Didn't tried by myself but you can use dismax as bq parameter also.
&bq=(+*:* -_query_:"{!dismax qf=song album}ringtone cover")^100
wiki.apache.org/solr/LocalParams
http://www.lucidimagination.com/blog/2009/03/31/nested-queries-in-solr/
Re: Boosting tips
Posted by Vinicius Carvalho <vi...@gmail.com>.
Thank Ahmet, I did that, it kinda worked (not as well as expected) the
document with ringtone was the 1st match, it was moved to the 2nd position,
I was expecting it to be at very bottom. Tried other factors for boosting
up to 10E6 but no success.
Another issue, is that I have some bad words I really would like to
penalize like: ringtone, instrumental, cover, tribute, and they appear on
multiple fields. I was wondering if there's a better way of doing this
instead of creating a big bq string like:
(*:* -song:ringtone)^100 (*:* -album:ringtone)^100 ... and so on.
Cheers
On Wed, Jul 11, 2012 at 7:15 AM, Ahmet Arslan <io...@yahoo.com> wrote:
>
> > I deviate from the examples by creating multiple cores
> > (artits,tracks,
> > albums)
> >
> > my boost is:
> > <str name="qf">song^4 artist^4 album</str>
> > <str name="pf">song
> > artist^4</str>
> > <str
> > name="pf2">artist^8</str>
> >
> >
> > One thing that is being tough is coming with the right
> > boosting. What I'm
> > doing is that if the user enters a free text, I search into
> > 3 fields
> > (track, album, artist). So let's say:
> >
> > Adele someone like you.
> >
> > My problem is that I have some songs (ring tones) which have
> > the song name
> > with Adele on it, and those are being ranked higher than a
> > song by Adele.
> > For instance:
> >
> > <song>Adele - Someone Like You ringtone</song>
> > <artist>Ringtone of Adele song</artist>
> >
> > ranks higher than:
> >
> > <song>someone like you</song>
> > <artist>Adele</artist>
> >
> > I can see why using debug, as the first result gets more
> > "points" on its
> > score for having adele, someone and "adele someone" on the
> > song. I was
> > wondering if there's an way out of this type of situation.
>
> I think this is expected because first result contains whole query in the
> same order. pf parameter kicks in.
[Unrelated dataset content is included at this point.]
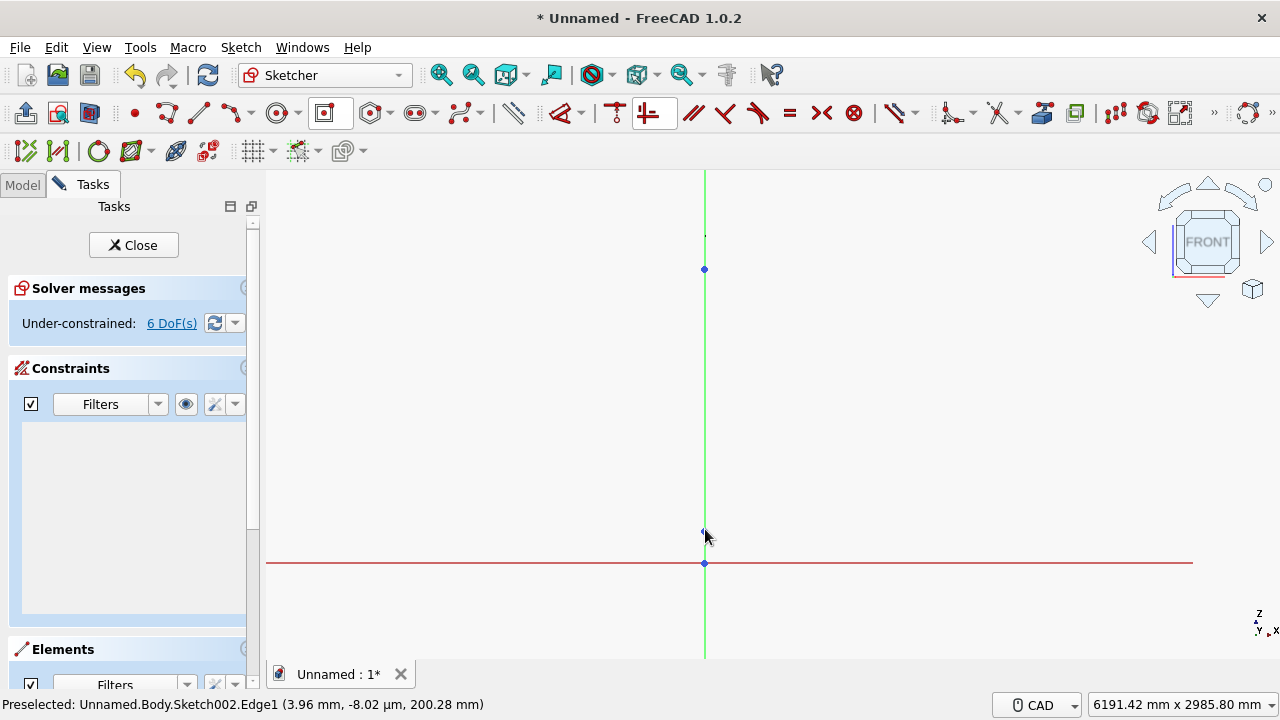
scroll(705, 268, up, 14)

I would punish ringtone type documents
> using bq parameter. Something like that
> &bq=(*:* -song:ringtone)^100
>
> If you can create additional field like songType={ringtone, ...} at index
> time, you can faceting to filter results.
>
--
The intuitive mind is a sacred gift and the
rational mind is a faithful servant. We have
created a society that honors the servant and
has forgotten the gift.
Re: Boosting tips
Posted by Ahmet Arslan <io...@yahoo.com>.
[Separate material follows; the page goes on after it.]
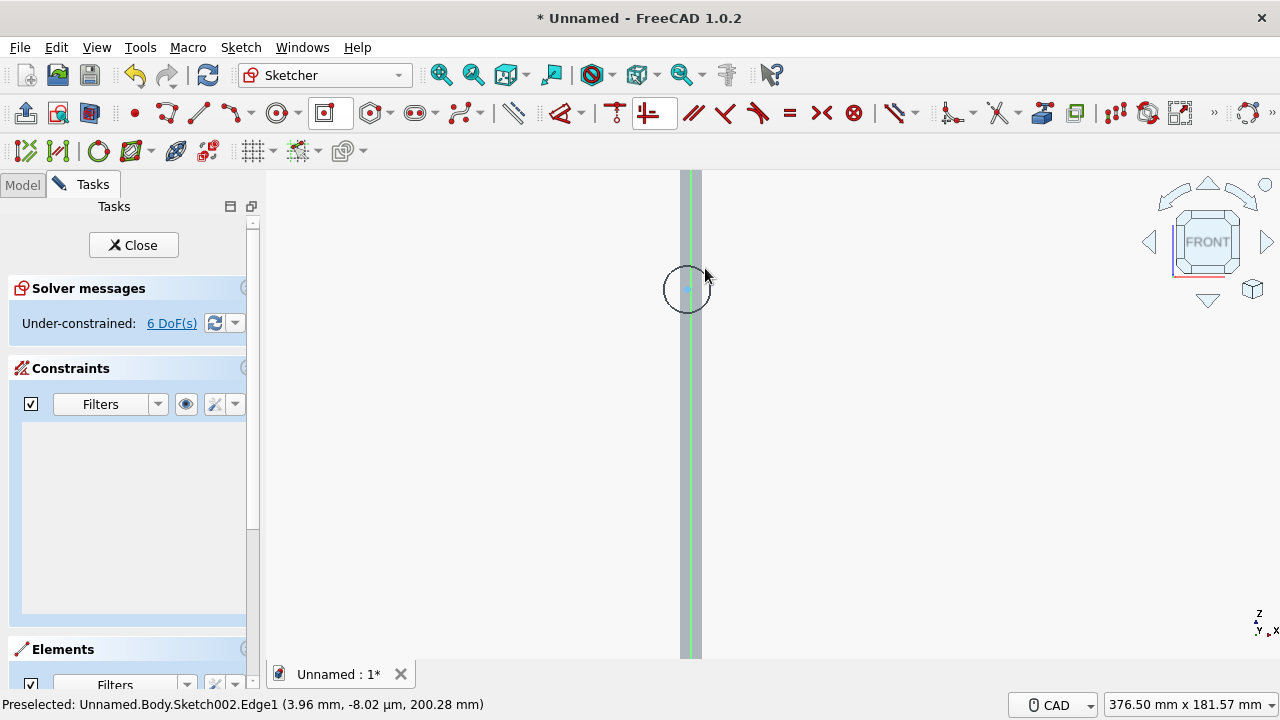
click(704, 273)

> I deviate from the examples by creating multiple cores
> (artits,tracks,
> albums)
>
> my boost is:
> <str name="qf">song^4 artist^4 album</str>
> <str name="pf">song
> artist^4</str>
> <str
> name="pf2">artist^8</str>
>
>
> One thing that is being tough is coming with the right
> boosting. What I'm
> doing is that if the user enters a free text, I search into
> 3 fields
> (track, album, artist). So let's say:
>
> Adele someone like you.
>
> My problem is that I have some songs (ring tones) which have
> the song name
> with Adele on it, and those are being ranked higher than a
> song by Adele.
> For instance:
>
> <song>Adele - Someone Like You ringtone</song>
> <artist>Ringtone of Adele song</artist>
>
> ranks higher than:
>
> <song>someone like you</song>
> <artist>Adele</artist>
>
> I can see why using debug, as the first result gets more
> "points" on its
> score for having adele, someone and "adele someone" on the
> song. I was
> wondering if there's an way out of this type of situation.
I think this is expected because first result contains whole query in the same order. pf parameter kicks in. I would punish ringtone type documents using bq parameter. Something like that
&bq=(*:* -song:ringtone)^100
If you can create additional field like songType={ringtone, ...} at index time, you can faceting to filter results.